Final answer:
To find a unit vector normal to the plane containing points P, Q, and R, calculate the vectors between these points, find the cross product of these vectors to get a normal vector, and then normalize it to have magnitude 1.
Step-by-step explanation:
To find a unit vector normal to the plane containing points P=(5,−4,0), Q=(2,0,−5), and R=(−1,−2,−3), you need to perform several steps.
Firstly, determine two vectors that are in the plane. This can be done by subtracting the coordinates of point Q from point P to get vector PQ, and subtracting the coordinates of point R from point Q to get vector QR.
PQ = P - Q = (5 - 2, -4 - 0, 0 - (-5)) = (3, -4, 5)
QR = Q - R = (2 - (-1), 0 - (-2), -5 - (-3)) = (3, 2, -2)

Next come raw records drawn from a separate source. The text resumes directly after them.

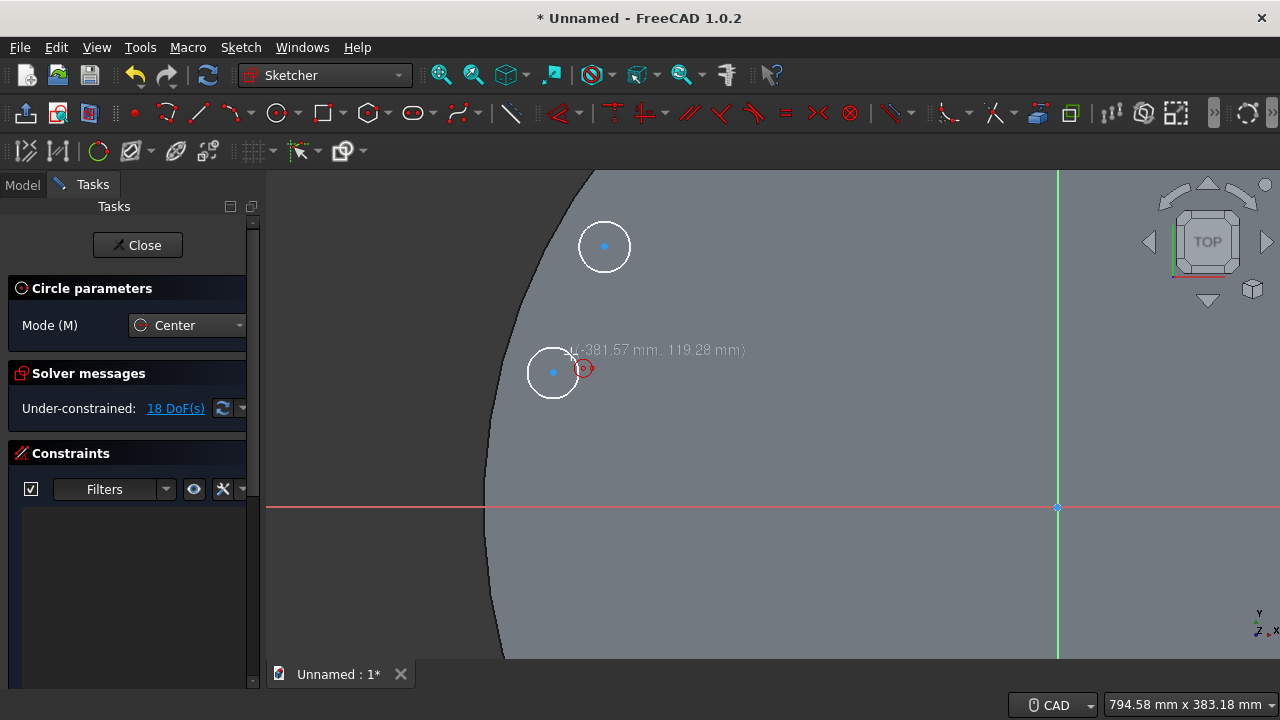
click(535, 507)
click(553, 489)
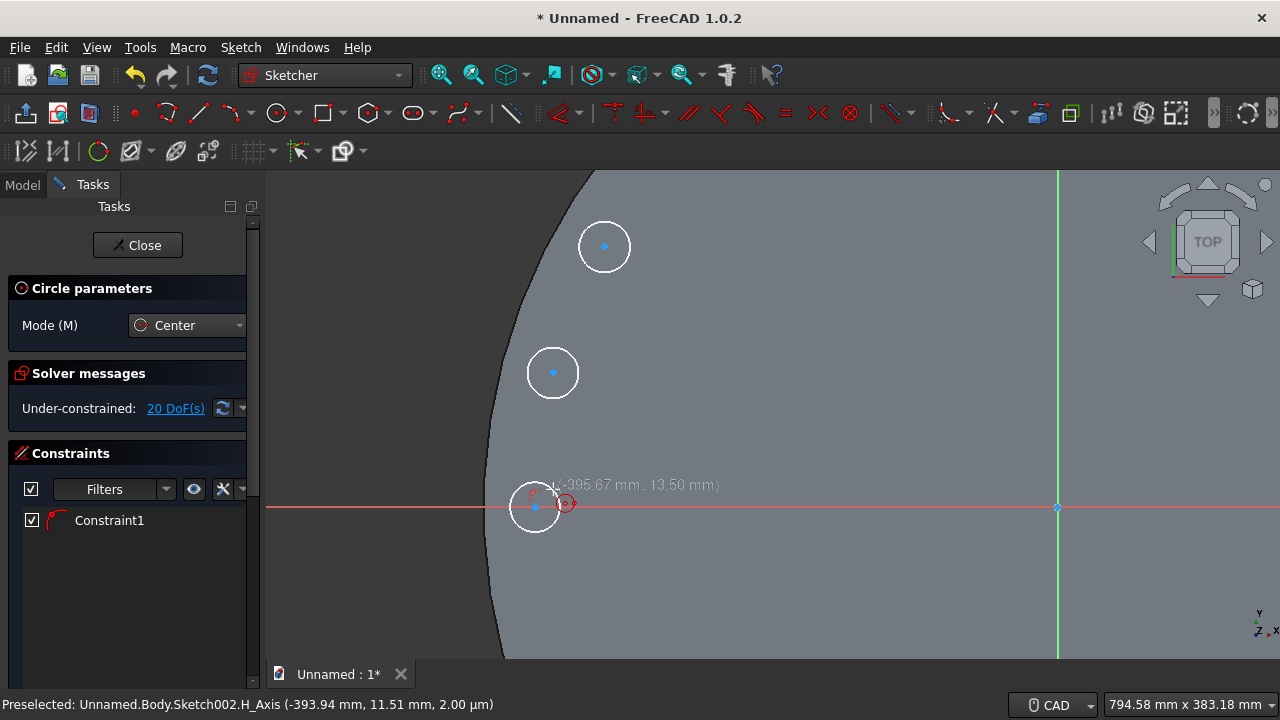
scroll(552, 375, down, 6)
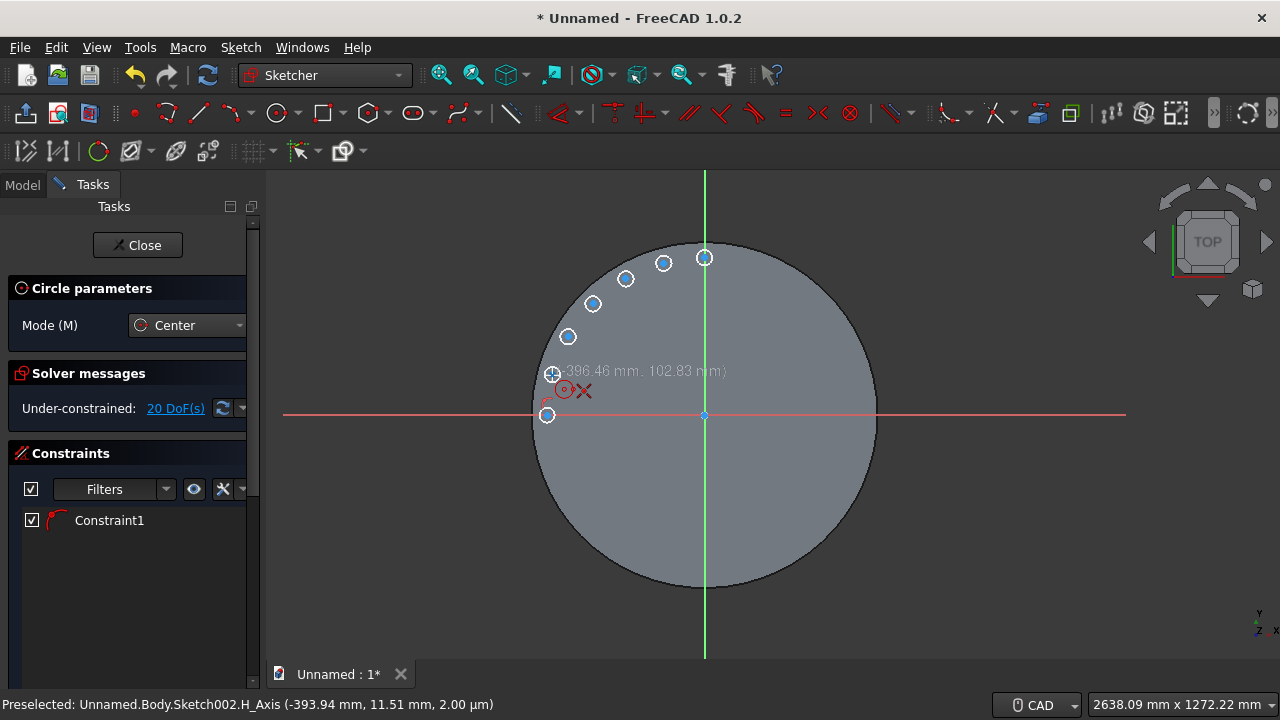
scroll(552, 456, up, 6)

Next, calculate the cross product of vectors PQ and QR to find a vector normal to the plane :
N = PQ × QR = (i, j, k)
(3, -4, 5)
(3, 2, -2)
N = i((-4)×(-2) - 5×2) - j(3×(-2) - 5×3) + k(3×2 - (-4)×3) = i(8 - 10) - j(-6 - 15) + k(6 + 12)
N = -2i + 21j + 18k
The magnitude of N is calculated by √((-2)^2 + 21^2 + 18^2) = √(4 + 441 + 324) = √769 ≈ 27.73
Finally, divide the normal vector by its magnitude to get the unit vector normal to the plane:
Unit Normal Vector = ±(1/27.73)(-2i + 21j + 18k) = ±(-0.072i + 0.757j + 0.649k)
Therefore, the unit vectors normal to the plane are -0.072i + 0.757j + 0.649k and its opposite.